* Dataset extract *
= = = = = = =

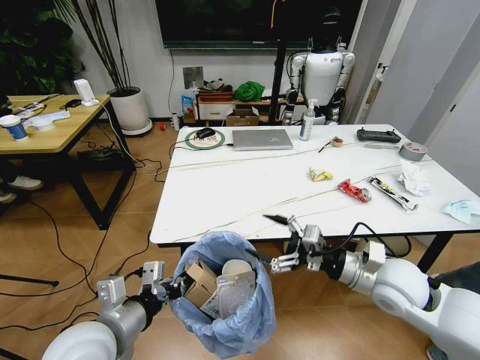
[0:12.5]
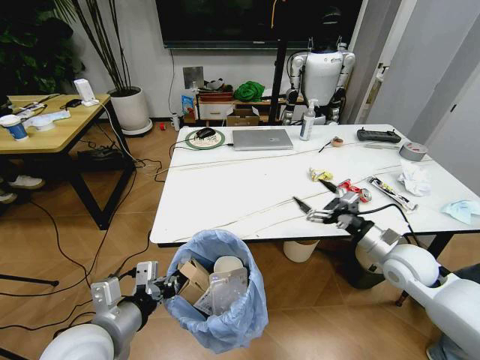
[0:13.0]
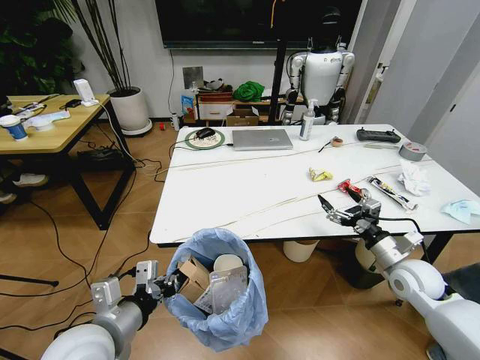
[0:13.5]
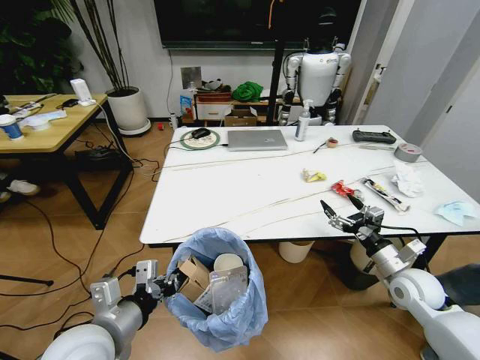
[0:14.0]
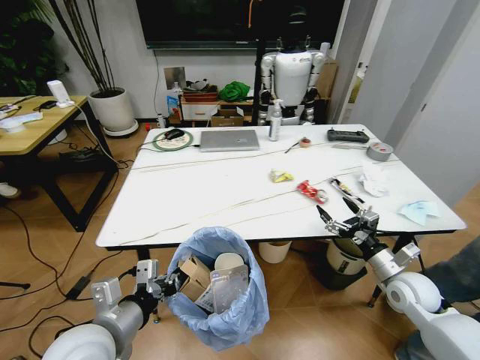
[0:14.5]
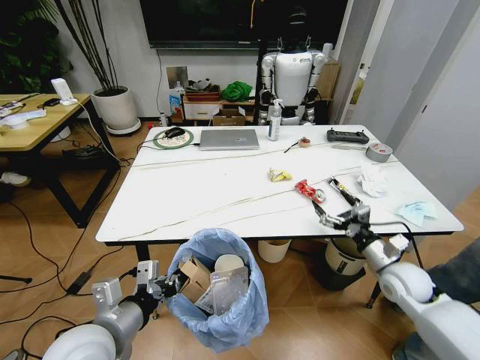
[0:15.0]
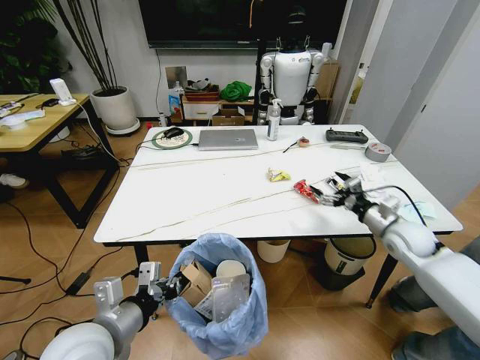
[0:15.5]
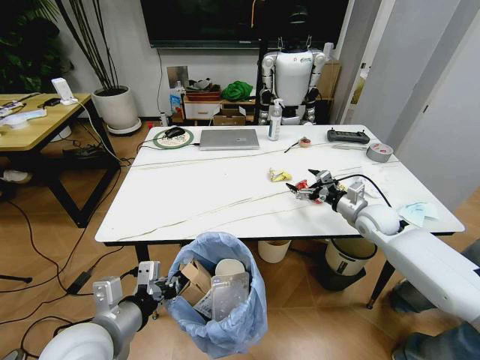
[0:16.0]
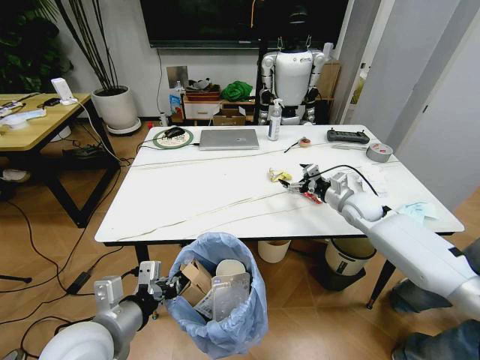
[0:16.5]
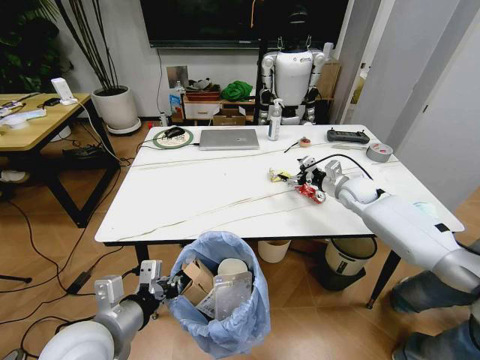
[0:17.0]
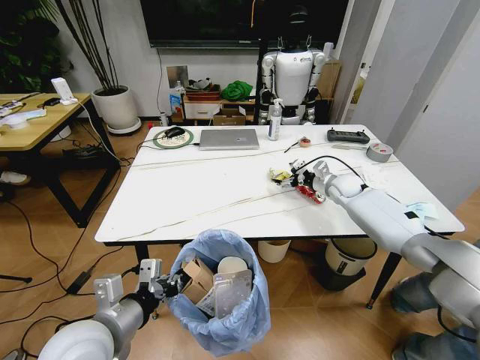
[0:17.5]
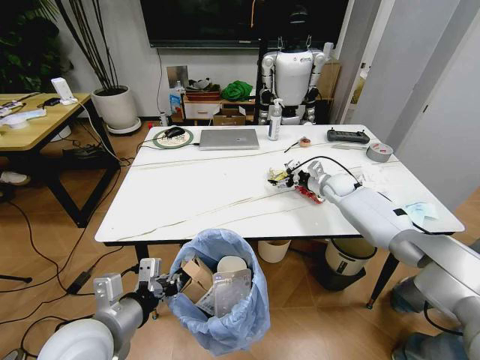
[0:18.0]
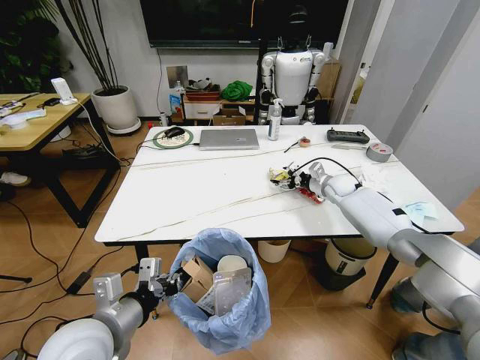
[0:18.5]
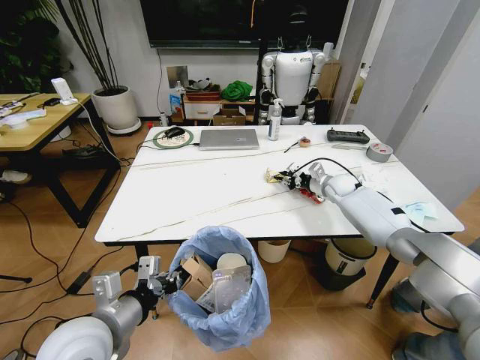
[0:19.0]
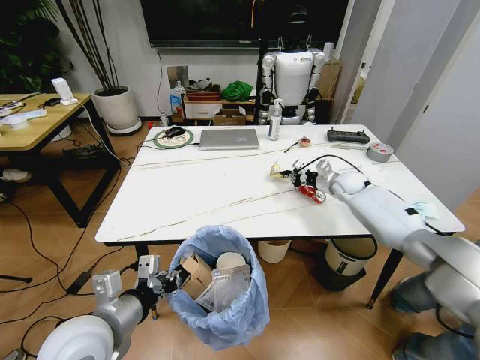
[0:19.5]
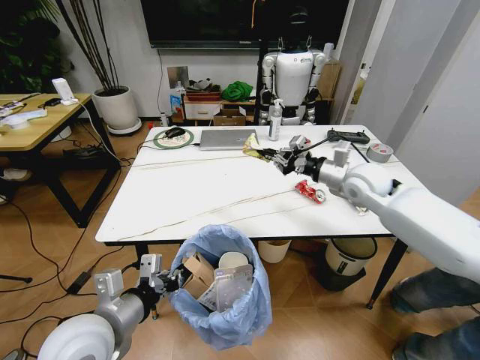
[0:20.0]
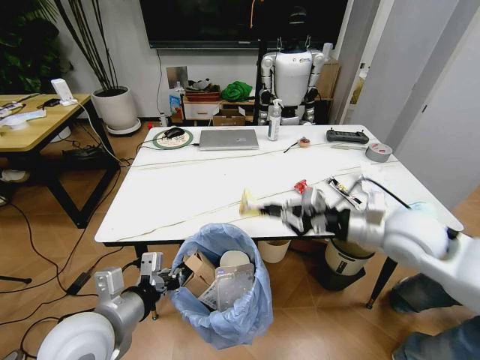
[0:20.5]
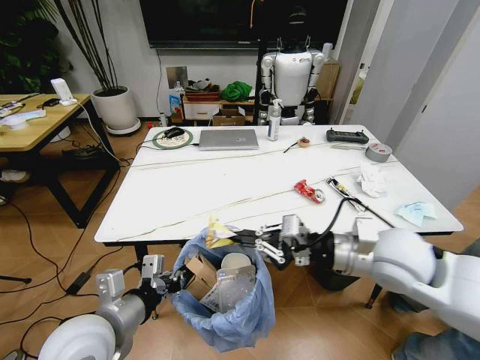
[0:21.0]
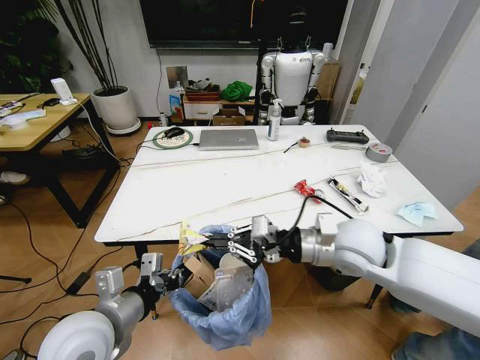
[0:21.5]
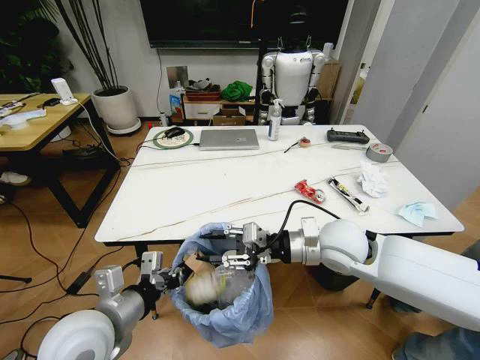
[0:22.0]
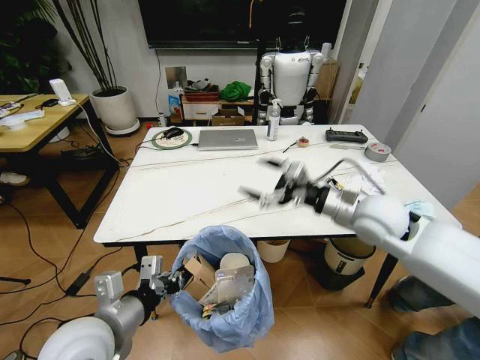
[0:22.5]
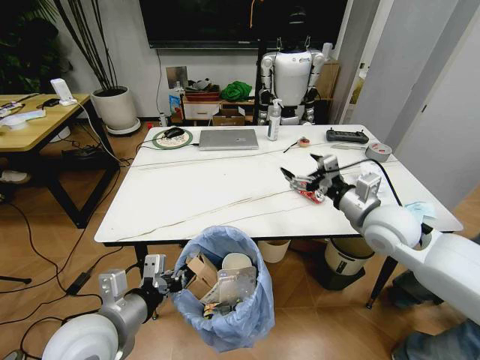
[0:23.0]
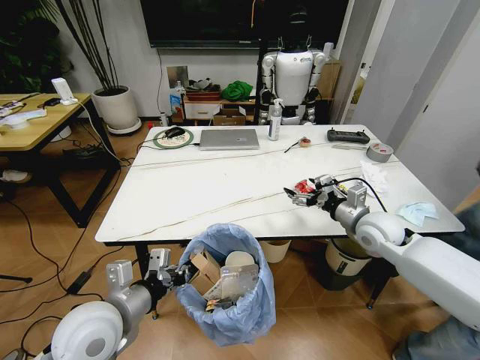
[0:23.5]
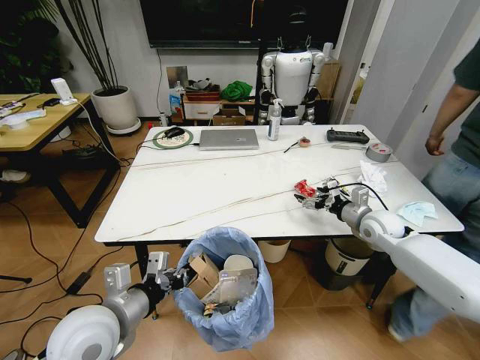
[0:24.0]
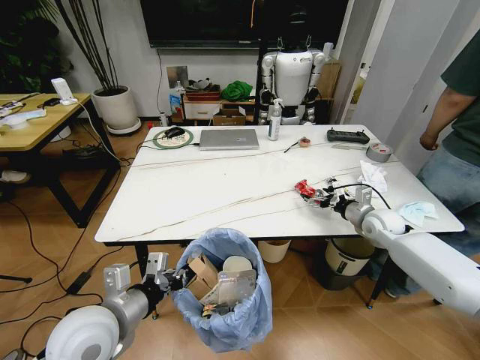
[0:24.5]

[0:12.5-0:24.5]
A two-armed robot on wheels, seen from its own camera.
Task of the whole recording: Pick up the trash bin and place the trash from the table into it.
0:12.5 to 0:14.5: The right gripper is displaced to the right and downward by roughly 15 cm.
0:14.5 to 0:16.5: The right gripper travels forward by some 20 cm.
0:16.5 to 0:18.5: The right gripper is displaced forward by about 10 cm.
0:18.5 to 0:20.5: The right gripper moves backward and upward, roughly 30 cm, and closes up.
0:20.5 to 0:22.5: The right gripper travels to the left and back again, about 10 cm each way, and opens.
0:22.5 to 0:24.5: The right gripper heads downward, to the right and forward, covering roughly 20 cm.

= = = = = = =

* What you need to do *
Transcribe the whole listing exactly but exclude images.

* Written answer *
[0:12.5]
[0:13.0]
[0:13.5]
[0:14.0]
[0:14.5]
[0:15.0]
[0:15.5]
[0:16.0]
[0:16.5]
[0:17.0]
[0:17.5]
[0:18.0]
[0:18.5]
[0:19.0]
[0:19.5]
[0:20.0]
[0:20.5]
[0:21.0]
[0:21.5]
[0:22.0]
[0:22.5]
[0:23.0]
[0:23.5]
[0:24.0]
[0:24.5]

[0:12.5-0:24.5]
A two-armed robot on wheels, seen from its own camera.
Task of the whole recording: Pick up the trash bin and place the trash from the table into it.
0:12.5 to 0:14.5: The right gripper is displaced to the right and downward by roughly 15 cm.
0:14.5 to 0:16.5: The right gripper travels forward by some 20 cm.
0:16.5 to 0:18.5: The right gripper is displaced forward by about 10 cm.
0:18.5 to 0:20.5: The right gripper moves backward and upward, roughly 30 cm, and closes up.
0:20.5 to 0:22.5: The right gripper travels to the left and back again, about 10 cm each way, and opens.
0:22.5 to 0:24.5: The right gripper heads downward, to the right and forward, covering roughly 20 cm.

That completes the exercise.